* Instructions for the task
Keep the pictures out. Restate the entries below word for word.

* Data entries
◇ ◇ ◇ ◇

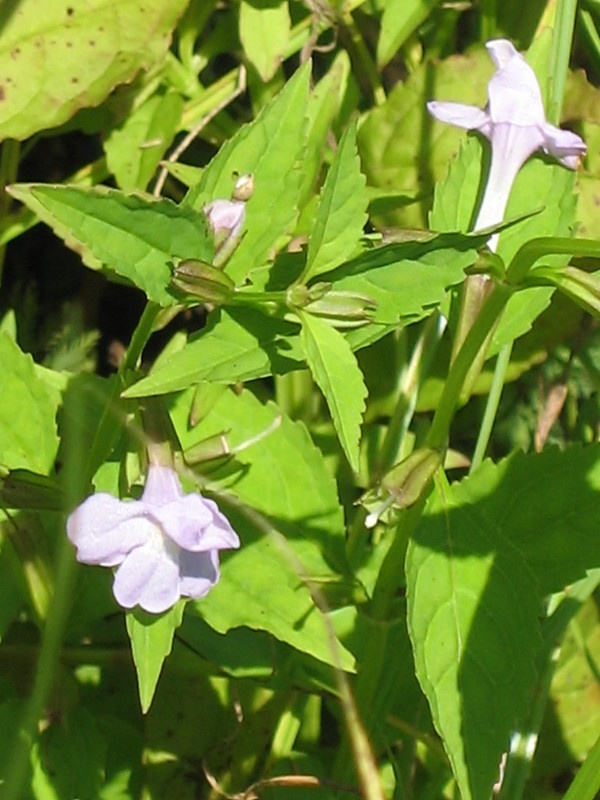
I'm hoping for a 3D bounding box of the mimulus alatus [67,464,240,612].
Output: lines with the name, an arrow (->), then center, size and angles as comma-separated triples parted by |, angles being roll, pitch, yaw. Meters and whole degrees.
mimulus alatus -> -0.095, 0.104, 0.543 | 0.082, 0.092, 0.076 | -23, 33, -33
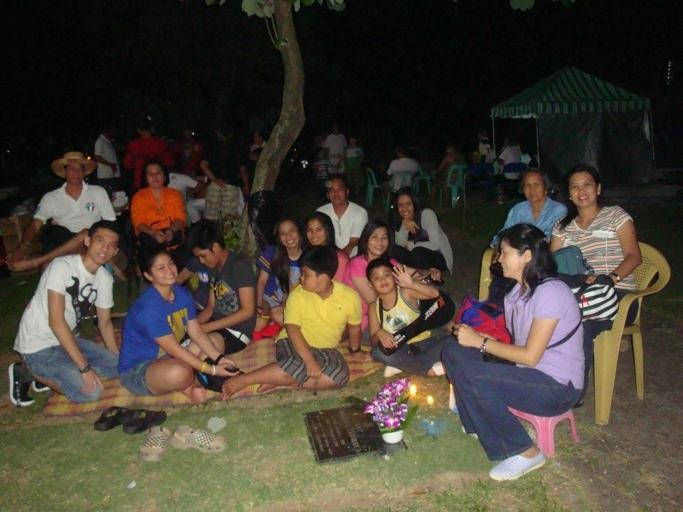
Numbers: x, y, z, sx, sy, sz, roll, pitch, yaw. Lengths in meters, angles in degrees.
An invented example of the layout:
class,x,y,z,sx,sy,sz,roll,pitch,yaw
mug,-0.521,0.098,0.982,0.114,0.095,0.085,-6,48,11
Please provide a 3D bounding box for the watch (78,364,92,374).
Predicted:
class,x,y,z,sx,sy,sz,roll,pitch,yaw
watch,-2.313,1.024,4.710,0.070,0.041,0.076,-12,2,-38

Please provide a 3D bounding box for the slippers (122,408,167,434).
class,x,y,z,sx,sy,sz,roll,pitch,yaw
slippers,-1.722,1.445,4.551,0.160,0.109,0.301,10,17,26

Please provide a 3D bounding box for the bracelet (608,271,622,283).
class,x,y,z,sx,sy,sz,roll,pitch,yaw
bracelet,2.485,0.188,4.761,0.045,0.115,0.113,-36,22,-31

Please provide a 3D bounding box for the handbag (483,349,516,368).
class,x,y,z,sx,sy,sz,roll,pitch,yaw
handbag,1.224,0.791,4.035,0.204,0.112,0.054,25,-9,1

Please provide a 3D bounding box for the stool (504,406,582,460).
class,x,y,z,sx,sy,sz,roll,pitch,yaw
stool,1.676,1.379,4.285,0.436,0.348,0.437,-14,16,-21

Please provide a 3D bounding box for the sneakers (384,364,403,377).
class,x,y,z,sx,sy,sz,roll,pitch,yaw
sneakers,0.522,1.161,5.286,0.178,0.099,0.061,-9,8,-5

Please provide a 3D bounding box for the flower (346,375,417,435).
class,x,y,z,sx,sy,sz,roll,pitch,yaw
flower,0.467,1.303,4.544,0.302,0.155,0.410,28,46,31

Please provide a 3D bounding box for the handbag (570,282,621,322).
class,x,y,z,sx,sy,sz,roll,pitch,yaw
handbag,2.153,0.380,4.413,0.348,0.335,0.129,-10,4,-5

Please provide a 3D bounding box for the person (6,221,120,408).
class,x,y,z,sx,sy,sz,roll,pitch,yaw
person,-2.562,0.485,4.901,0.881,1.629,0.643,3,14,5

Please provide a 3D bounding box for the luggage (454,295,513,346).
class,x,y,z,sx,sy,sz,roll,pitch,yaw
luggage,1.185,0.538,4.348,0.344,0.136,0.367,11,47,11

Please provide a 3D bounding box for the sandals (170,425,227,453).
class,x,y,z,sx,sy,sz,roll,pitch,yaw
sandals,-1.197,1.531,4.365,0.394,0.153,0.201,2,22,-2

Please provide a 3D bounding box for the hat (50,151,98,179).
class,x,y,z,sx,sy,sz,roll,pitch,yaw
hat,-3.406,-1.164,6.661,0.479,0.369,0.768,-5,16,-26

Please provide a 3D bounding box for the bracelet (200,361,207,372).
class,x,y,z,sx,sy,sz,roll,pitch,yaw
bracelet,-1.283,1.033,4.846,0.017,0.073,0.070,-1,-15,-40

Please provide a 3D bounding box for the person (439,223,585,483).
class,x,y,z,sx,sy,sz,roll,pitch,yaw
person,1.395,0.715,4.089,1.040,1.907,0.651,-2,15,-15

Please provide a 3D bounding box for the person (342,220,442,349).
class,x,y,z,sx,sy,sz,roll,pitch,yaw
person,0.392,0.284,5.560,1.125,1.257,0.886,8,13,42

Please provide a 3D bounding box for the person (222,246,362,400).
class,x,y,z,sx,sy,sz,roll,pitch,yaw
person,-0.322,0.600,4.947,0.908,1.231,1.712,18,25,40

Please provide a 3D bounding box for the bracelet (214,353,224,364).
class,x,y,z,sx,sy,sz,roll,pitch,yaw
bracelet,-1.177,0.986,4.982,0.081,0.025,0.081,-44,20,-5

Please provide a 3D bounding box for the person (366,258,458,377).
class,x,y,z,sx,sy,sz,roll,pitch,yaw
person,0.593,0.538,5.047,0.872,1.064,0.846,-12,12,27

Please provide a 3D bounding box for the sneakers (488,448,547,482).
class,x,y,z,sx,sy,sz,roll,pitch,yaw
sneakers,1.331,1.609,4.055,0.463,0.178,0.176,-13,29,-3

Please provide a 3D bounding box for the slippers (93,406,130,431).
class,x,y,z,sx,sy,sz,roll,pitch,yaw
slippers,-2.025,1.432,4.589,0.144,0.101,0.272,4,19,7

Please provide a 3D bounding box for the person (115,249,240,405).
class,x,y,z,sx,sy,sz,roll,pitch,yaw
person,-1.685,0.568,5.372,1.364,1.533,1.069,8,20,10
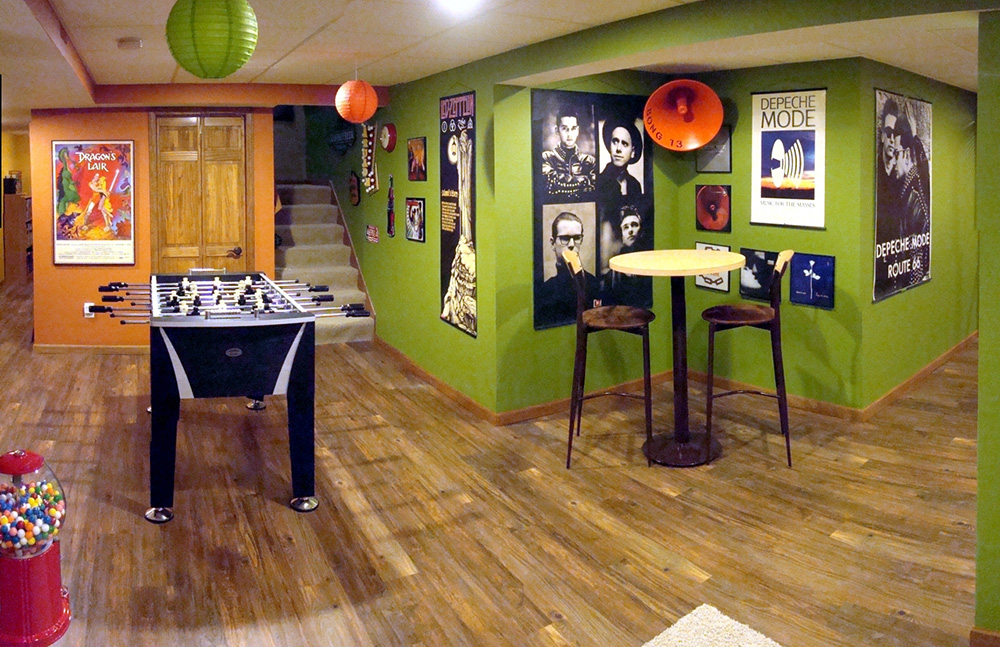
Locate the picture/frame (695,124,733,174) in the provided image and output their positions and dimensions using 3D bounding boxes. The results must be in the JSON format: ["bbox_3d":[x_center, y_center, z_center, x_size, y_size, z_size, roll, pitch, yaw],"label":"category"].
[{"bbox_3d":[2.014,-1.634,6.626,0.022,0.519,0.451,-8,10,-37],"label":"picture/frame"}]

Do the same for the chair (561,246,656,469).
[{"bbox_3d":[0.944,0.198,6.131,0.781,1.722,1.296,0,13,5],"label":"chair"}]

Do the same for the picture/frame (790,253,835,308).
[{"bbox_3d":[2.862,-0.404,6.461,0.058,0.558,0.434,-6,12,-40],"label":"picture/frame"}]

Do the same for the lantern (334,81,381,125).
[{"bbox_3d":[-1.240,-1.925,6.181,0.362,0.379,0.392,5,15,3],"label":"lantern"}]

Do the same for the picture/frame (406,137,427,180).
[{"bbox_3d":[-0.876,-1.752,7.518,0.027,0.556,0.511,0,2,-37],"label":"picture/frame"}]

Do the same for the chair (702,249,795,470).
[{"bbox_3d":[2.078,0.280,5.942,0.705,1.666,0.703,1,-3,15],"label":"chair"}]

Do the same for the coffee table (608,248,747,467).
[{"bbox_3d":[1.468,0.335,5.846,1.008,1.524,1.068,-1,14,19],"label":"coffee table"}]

◇ ◇ ◇ ◇

* Answer section
I'm hoping for a 3D bounding box of the mimulus alatus [67,464,240,612].
Output: lines with the name, an arrow (->), then center, size and angles as comma-separated triples parted by |, angles being roll, pitch, yaw. Meters and whole degrees.
mimulus alatus -> -0.095, 0.104, 0.543 | 0.082, 0.092, 0.076 | -23, 33, -33
Numbers: x, y, z, sx, sy, sz, roll, pitch, yaw. Lengths in meters, angles in degrees.
An invented example of the layout:
class,x,y,z,sx,sy,sz,roll,pitch,yaw
mug,-0.521,0.098,0.982,0.114,0.095,0.085,-6,48,11
Please provide a 3D bounding box for the watch (78,364,92,374).
Predicted:
class,x,y,z,sx,sy,sz,roll,pitch,yaw
watch,-2.313,1.024,4.710,0.070,0.041,0.076,-12,2,-38

Please provide a 3D bounding box for the slippers (122,408,167,434).
class,x,y,z,sx,sy,sz,roll,pitch,yaw
slippers,-1.722,1.445,4.551,0.160,0.109,0.301,10,17,26

Please provide a 3D bounding box for the bracelet (608,271,622,283).
class,x,y,z,sx,sy,sz,roll,pitch,yaw
bracelet,2.485,0.188,4.761,0.045,0.115,0.113,-36,22,-31

Please provide a 3D bounding box for the handbag (483,349,516,368).
class,x,y,z,sx,sy,sz,roll,pitch,yaw
handbag,1.224,0.791,4.035,0.204,0.112,0.054,25,-9,1

Please provide a 3D bounding box for the stool (504,406,582,460).
class,x,y,z,sx,sy,sz,roll,pitch,yaw
stool,1.676,1.379,4.285,0.436,0.348,0.437,-14,16,-21

Please provide a 3D bounding box for the sneakers (384,364,403,377).
class,x,y,z,sx,sy,sz,roll,pitch,yaw
sneakers,0.522,1.161,5.286,0.178,0.099,0.061,-9,8,-5

Please provide a 3D bounding box for the flower (346,375,417,435).
class,x,y,z,sx,sy,sz,roll,pitch,yaw
flower,0.467,1.303,4.544,0.302,0.155,0.410,28,46,31

Please provide a 3D bounding box for the handbag (570,282,621,322).
class,x,y,z,sx,sy,sz,roll,pitch,yaw
handbag,2.153,0.380,4.413,0.348,0.335,0.129,-10,4,-5

Please provide a 3D bounding box for the person (6,221,120,408).
class,x,y,z,sx,sy,sz,roll,pitch,yaw
person,-2.562,0.485,4.901,0.881,1.629,0.643,3,14,5

Please provide a 3D bounding box for the luggage (454,295,513,346).
class,x,y,z,sx,sy,sz,roll,pitch,yaw
luggage,1.185,0.538,4.348,0.344,0.136,0.367,11,47,11

Please provide a 3D bounding box for the sandals (170,425,227,453).
class,x,y,z,sx,sy,sz,roll,pitch,yaw
sandals,-1.197,1.531,4.365,0.394,0.153,0.201,2,22,-2

Please provide a 3D bounding box for the hat (50,151,98,179).
class,x,y,z,sx,sy,sz,roll,pitch,yaw
hat,-3.406,-1.164,6.661,0.479,0.369,0.768,-5,16,-26

Please provide a 3D bounding box for the bracelet (200,361,207,372).
class,x,y,z,sx,sy,sz,roll,pitch,yaw
bracelet,-1.283,1.033,4.846,0.017,0.073,0.070,-1,-15,-40

Please provide a 3D bounding box for the person (439,223,585,483).
class,x,y,z,sx,sy,sz,roll,pitch,yaw
person,1.395,0.715,4.089,1.040,1.907,0.651,-2,15,-15

Please provide a 3D bounding box for the person (342,220,442,349).
class,x,y,z,sx,sy,sz,roll,pitch,yaw
person,0.392,0.284,5.560,1.125,1.257,0.886,8,13,42

Please provide a 3D bounding box for the person (222,246,362,400).
class,x,y,z,sx,sy,sz,roll,pitch,yaw
person,-0.322,0.600,4.947,0.908,1.231,1.712,18,25,40

Please provide a 3D bounding box for the bracelet (214,353,224,364).
class,x,y,z,sx,sy,sz,roll,pitch,yaw
bracelet,-1.177,0.986,4.982,0.081,0.025,0.081,-44,20,-5

Please provide a 3D bounding box for the person (366,258,458,377).
class,x,y,z,sx,sy,sz,roll,pitch,yaw
person,0.593,0.538,5.047,0.872,1.064,0.846,-12,12,27

Please provide a 3D bounding box for the sneakers (488,448,547,482).
class,x,y,z,sx,sy,sz,roll,pitch,yaw
sneakers,1.331,1.609,4.055,0.463,0.178,0.176,-13,29,-3

Please provide a 3D bounding box for the slippers (93,406,130,431).
class,x,y,z,sx,sy,sz,roll,pitch,yaw
slippers,-2.025,1.432,4.589,0.144,0.101,0.272,4,19,7

Please provide a 3D bounding box for the person (115,249,240,405).
class,x,y,z,sx,sy,sz,roll,pitch,yaw
person,-1.685,0.568,5.372,1.364,1.533,1.069,8,20,10
Locate the picture/frame (695,124,733,174) in the provided image and output their positions and dimensions using 3D bounding boxes. The results must be in the JSON format: ["bbox_3d":[x_center, y_center, z_center, x_size, y_size, z_size, roll, pitch, yaw],"label":"category"].
[{"bbox_3d":[2.014,-1.634,6.626,0.022,0.519,0.451,-8,10,-37],"label":"picture/frame"}]

Do the same for the chair (561,246,656,469).
[{"bbox_3d":[0.944,0.198,6.131,0.781,1.722,1.296,0,13,5],"label":"chair"}]

Do the same for the picture/frame (790,253,835,308).
[{"bbox_3d":[2.862,-0.404,6.461,0.058,0.558,0.434,-6,12,-40],"label":"picture/frame"}]

Do the same for the lantern (334,81,381,125).
[{"bbox_3d":[-1.240,-1.925,6.181,0.362,0.379,0.392,5,15,3],"label":"lantern"}]

Do the same for the picture/frame (406,137,427,180).
[{"bbox_3d":[-0.876,-1.752,7.518,0.027,0.556,0.511,0,2,-37],"label":"picture/frame"}]

Do the same for the chair (702,249,795,470).
[{"bbox_3d":[2.078,0.280,5.942,0.705,1.666,0.703,1,-3,15],"label":"chair"}]

Do the same for the coffee table (608,248,747,467).
[{"bbox_3d":[1.468,0.335,5.846,1.008,1.524,1.068,-1,14,19],"label":"coffee table"}]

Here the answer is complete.